Scoring¶
Every signal carries three numeric fields and two categorical fields. The dashboard surfaces each of them; here's what they mean — and exactly how each number is computed.
How a single agent scores¶
Five specialist agents — SignalScope, SentimentPulse, MacroMind, SectorScan, PolicyRadar — look at every news item independently. Each agent runs the same three-step pipeline:
1. Gather domain-specific evidence. The agent's prompt requires it to call the tools relevant to its specialty before scoring:
| Agent | Tools it must call before scoring |
|---|---|
| SignalScope | geopolitical / sanctions / macro-event lookups, RSS, web search |
| SentimentPulse | Reddit sentiment, Stocktwits multi/short ratio, YouTube sentiment |
| MacroMind | central-bank rates, CPI, FX, oil / gold |
| SectorScan | same-sector and supply-chain peer lookups |
| PolicyRadar | regulatory filings, central-bank speeches, SEC / ASIC enforcement |
2. Score against an explicit calibration table. The LLM is anchored by this table, written verbatim into every agent's prompt:
| Range | Meaning |
|---|---|
| 0.80 – 1.00 | Direct major impact (ban names your stock, bankruptcy, huge earnings surprise) |
| 0.65 – 0.79 | Significant indirect impact (sector-wide move, key customer/supplier affected) |
| 0.40 – 0.64 | Moderate relevance (industry trend, macro data in line) |
| 0.00 – 0.39 | Weak signal (general commentary, distant connection) |
The prompt also says, verbatim: "DO NOT suppress scores out of caution — if a stock is directly named with clear impact, score it 0.75+." This is a deliberate counter-bias against LLMs' tendency to under-rate.

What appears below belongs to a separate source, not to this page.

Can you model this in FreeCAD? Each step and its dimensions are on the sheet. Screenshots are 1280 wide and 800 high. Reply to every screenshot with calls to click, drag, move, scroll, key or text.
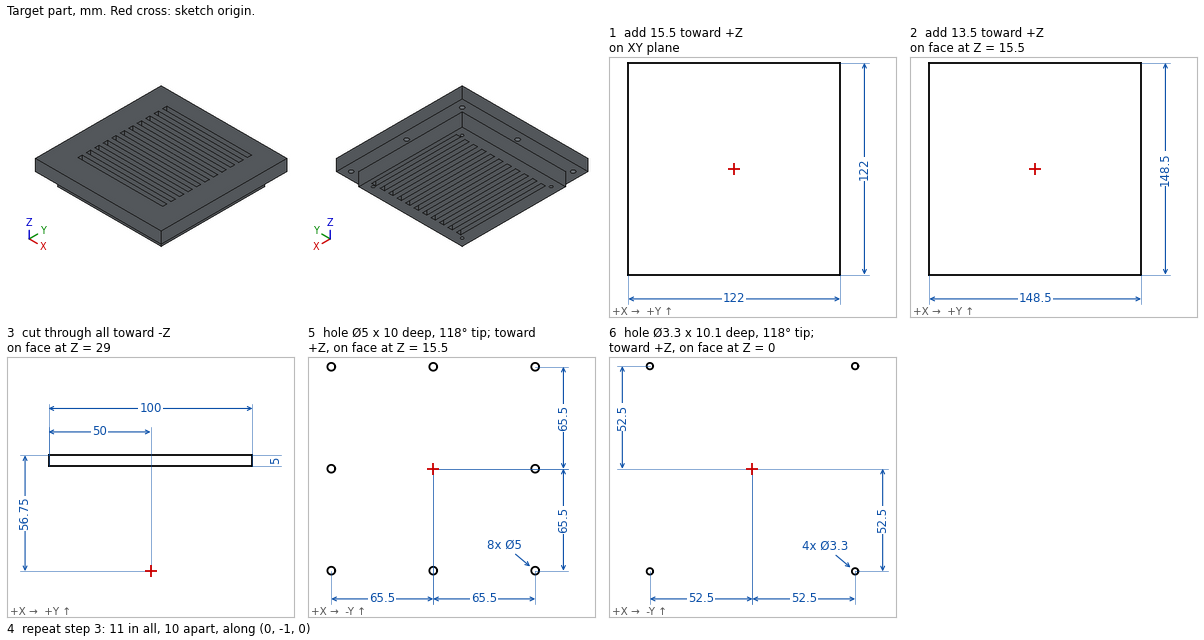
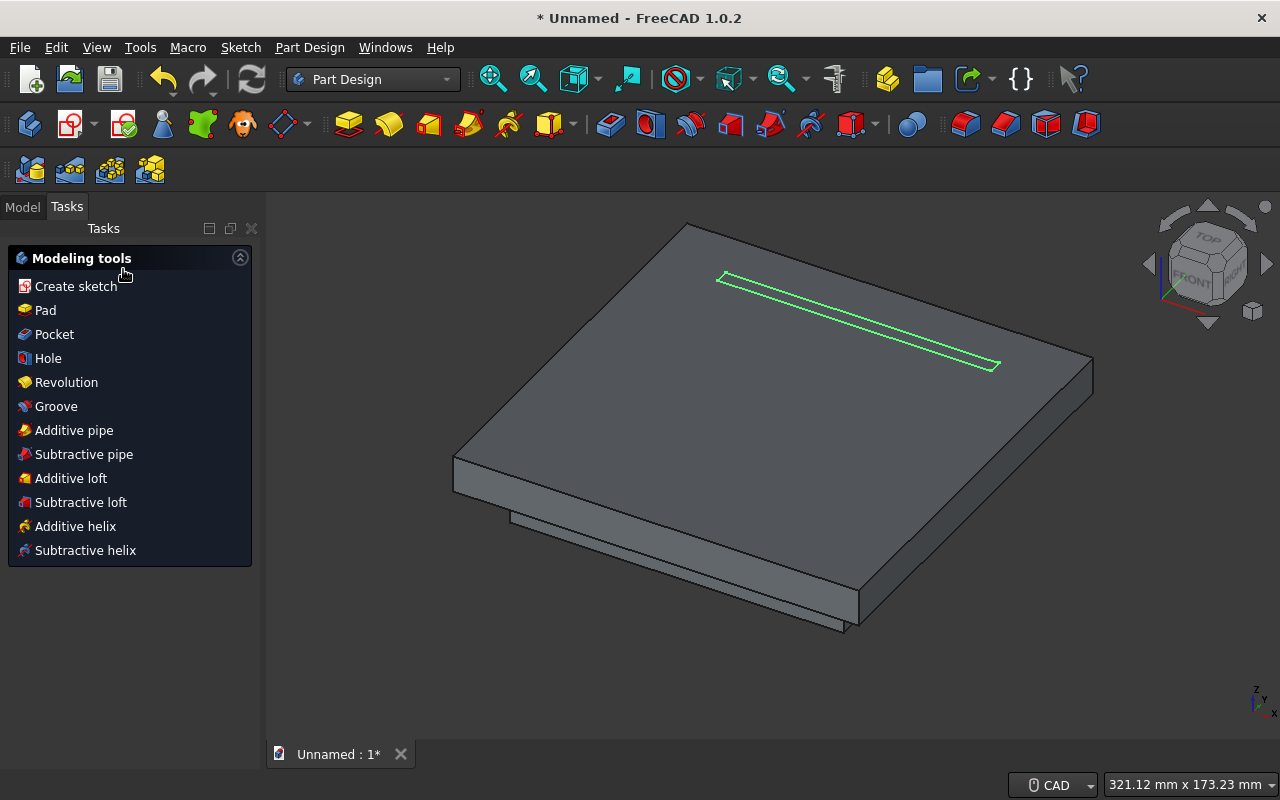
click(612, 124)

3. Self-critique (Reflexion pattern). Each agent runs a REVISE node that re-reads its own draft and may adjust the scores in a second pass. The final scores are the post-reflexion ones; the original draft is kept as draft_impact_score for audit.
Important caveats about agent scores
- These are LLM judgments, not formulas. The same news may produce slightly different scores on different runs (typical drift ≈ ±0.03).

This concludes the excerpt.